From the records below, please return each line that holds the word "degrees".
*** Opening Supplied material ***
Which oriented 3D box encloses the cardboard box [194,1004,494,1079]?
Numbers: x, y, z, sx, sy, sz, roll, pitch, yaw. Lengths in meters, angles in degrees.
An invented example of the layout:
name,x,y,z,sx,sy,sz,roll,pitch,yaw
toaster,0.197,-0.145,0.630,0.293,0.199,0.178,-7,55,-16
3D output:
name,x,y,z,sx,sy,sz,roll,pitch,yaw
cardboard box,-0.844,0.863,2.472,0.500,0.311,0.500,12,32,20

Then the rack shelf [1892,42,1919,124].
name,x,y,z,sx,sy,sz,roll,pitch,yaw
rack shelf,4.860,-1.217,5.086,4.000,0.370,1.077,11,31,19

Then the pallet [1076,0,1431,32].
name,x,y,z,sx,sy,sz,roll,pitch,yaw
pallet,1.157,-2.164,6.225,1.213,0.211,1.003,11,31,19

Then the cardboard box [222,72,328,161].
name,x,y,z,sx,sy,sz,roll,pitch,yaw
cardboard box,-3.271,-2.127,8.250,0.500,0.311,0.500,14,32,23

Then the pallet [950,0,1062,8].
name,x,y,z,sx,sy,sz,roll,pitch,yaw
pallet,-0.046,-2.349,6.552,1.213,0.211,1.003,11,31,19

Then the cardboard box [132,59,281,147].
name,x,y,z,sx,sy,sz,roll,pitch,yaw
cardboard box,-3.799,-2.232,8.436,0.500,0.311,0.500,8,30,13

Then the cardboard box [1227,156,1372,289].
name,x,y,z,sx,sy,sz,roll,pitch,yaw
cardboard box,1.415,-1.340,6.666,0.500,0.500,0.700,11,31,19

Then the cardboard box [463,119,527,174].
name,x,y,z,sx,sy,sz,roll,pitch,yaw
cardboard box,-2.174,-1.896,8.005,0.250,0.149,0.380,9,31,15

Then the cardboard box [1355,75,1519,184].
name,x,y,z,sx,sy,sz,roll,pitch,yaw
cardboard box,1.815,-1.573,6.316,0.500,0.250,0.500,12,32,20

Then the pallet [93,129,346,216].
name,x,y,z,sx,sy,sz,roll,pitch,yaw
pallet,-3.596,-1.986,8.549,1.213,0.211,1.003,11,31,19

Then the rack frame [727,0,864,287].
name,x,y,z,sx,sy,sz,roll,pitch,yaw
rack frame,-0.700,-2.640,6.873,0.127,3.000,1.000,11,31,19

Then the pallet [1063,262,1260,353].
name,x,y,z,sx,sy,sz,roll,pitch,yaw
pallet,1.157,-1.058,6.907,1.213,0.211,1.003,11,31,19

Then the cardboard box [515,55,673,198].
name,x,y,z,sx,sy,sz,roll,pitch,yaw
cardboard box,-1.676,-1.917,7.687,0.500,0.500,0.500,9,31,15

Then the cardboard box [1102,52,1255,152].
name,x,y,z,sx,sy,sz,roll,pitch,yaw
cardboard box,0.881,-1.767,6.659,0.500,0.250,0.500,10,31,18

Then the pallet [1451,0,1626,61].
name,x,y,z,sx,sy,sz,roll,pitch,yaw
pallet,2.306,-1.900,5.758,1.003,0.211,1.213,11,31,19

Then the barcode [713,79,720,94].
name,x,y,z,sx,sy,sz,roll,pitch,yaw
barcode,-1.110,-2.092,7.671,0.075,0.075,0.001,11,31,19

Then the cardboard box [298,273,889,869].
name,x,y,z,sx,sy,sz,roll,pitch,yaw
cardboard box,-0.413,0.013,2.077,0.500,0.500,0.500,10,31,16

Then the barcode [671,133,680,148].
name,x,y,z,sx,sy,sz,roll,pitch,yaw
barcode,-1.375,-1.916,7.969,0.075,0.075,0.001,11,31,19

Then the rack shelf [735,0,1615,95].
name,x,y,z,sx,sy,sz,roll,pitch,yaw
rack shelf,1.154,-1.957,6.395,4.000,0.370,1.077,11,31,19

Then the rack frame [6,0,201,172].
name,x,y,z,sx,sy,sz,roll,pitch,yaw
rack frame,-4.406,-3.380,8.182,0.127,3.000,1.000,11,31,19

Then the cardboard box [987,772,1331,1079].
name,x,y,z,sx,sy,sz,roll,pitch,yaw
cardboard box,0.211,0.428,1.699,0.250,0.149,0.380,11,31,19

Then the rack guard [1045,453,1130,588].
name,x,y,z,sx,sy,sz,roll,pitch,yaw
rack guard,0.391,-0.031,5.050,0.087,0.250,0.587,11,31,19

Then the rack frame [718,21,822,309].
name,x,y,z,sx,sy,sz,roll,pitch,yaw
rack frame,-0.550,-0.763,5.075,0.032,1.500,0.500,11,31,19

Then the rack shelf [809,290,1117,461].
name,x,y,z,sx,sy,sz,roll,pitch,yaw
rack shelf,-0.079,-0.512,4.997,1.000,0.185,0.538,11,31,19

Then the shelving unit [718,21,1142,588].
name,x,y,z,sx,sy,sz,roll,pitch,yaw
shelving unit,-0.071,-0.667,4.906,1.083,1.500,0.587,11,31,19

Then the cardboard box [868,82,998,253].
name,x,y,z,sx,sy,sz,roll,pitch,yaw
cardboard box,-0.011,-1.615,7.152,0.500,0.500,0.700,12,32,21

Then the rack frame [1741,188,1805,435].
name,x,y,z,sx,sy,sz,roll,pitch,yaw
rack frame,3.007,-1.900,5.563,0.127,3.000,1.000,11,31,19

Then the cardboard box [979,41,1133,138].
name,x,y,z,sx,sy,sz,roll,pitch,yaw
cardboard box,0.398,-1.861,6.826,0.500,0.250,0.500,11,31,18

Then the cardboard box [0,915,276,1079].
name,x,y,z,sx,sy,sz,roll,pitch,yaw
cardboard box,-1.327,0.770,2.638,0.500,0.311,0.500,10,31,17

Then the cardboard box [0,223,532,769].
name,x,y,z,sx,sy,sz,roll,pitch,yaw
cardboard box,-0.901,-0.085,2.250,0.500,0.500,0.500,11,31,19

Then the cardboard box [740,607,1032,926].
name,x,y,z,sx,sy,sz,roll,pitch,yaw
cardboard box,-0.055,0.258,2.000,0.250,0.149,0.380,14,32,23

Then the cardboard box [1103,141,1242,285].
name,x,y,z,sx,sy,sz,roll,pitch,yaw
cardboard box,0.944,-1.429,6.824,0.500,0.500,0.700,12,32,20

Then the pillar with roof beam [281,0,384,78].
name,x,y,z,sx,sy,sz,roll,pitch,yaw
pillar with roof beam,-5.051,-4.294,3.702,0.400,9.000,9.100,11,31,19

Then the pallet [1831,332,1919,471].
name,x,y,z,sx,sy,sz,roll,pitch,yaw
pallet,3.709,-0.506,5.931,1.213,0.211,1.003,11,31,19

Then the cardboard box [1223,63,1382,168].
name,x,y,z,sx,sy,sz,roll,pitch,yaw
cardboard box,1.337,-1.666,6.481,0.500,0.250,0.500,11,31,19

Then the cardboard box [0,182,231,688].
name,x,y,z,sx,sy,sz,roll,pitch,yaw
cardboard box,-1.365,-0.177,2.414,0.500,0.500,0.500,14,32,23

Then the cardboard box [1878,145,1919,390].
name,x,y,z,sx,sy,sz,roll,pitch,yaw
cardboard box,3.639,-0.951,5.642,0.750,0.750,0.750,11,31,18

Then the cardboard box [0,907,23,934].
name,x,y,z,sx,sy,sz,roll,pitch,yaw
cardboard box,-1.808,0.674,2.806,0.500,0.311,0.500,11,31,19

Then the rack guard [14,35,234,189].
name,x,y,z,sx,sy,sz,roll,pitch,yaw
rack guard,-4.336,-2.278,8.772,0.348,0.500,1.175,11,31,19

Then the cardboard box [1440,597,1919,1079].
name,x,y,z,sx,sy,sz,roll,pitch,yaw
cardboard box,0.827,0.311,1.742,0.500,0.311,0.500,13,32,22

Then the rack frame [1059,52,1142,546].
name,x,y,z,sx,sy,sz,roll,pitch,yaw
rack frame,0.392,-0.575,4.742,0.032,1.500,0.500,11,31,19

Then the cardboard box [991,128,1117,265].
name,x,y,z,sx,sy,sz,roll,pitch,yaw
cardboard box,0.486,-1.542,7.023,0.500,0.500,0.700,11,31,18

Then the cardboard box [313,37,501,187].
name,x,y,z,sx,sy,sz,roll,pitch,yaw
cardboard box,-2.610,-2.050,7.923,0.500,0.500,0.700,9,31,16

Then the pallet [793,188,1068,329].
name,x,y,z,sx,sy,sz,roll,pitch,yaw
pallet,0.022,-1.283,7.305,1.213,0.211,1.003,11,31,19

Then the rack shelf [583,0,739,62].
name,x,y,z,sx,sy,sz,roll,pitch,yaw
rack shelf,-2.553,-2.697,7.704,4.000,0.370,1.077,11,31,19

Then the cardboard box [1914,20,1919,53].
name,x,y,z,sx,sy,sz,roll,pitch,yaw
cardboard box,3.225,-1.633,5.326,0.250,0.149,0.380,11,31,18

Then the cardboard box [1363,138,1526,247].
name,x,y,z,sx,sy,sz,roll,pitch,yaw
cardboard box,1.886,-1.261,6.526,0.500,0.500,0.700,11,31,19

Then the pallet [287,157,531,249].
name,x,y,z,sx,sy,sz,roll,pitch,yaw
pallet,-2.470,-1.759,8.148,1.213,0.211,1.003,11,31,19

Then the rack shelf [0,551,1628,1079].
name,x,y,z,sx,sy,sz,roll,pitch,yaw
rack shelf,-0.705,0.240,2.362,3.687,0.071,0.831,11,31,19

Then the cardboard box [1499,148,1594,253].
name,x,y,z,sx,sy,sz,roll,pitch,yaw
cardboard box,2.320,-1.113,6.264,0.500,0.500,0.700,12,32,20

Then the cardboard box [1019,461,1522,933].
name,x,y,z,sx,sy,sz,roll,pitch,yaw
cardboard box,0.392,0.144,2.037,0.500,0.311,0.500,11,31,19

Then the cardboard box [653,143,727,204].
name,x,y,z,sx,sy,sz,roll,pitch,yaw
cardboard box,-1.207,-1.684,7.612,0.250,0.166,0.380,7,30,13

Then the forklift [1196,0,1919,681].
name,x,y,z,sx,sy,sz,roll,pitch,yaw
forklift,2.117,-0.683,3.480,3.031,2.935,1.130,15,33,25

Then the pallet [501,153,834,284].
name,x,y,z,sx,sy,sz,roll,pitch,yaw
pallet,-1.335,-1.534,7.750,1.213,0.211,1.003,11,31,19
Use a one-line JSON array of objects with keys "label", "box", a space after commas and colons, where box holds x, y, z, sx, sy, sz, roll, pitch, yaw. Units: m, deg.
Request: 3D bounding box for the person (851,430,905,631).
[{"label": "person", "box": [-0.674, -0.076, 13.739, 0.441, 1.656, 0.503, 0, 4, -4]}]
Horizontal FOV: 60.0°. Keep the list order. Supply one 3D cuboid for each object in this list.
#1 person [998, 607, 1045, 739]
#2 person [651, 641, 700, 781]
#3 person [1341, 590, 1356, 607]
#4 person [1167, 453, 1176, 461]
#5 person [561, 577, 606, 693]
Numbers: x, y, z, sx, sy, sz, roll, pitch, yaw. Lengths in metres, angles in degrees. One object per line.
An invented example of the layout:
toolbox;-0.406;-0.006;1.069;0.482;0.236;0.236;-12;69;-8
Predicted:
*** Closing Supplied material ***
### Problem solution
Numbers: x, y, z, sx, sy, sz, roll, pitch, yaw. Lengths in meters, angles in degrees.
Numbers: x, y, z, sx, sy, sz, roll, pitch, yaw. Lengths in metres, angles in degrees. One object per line.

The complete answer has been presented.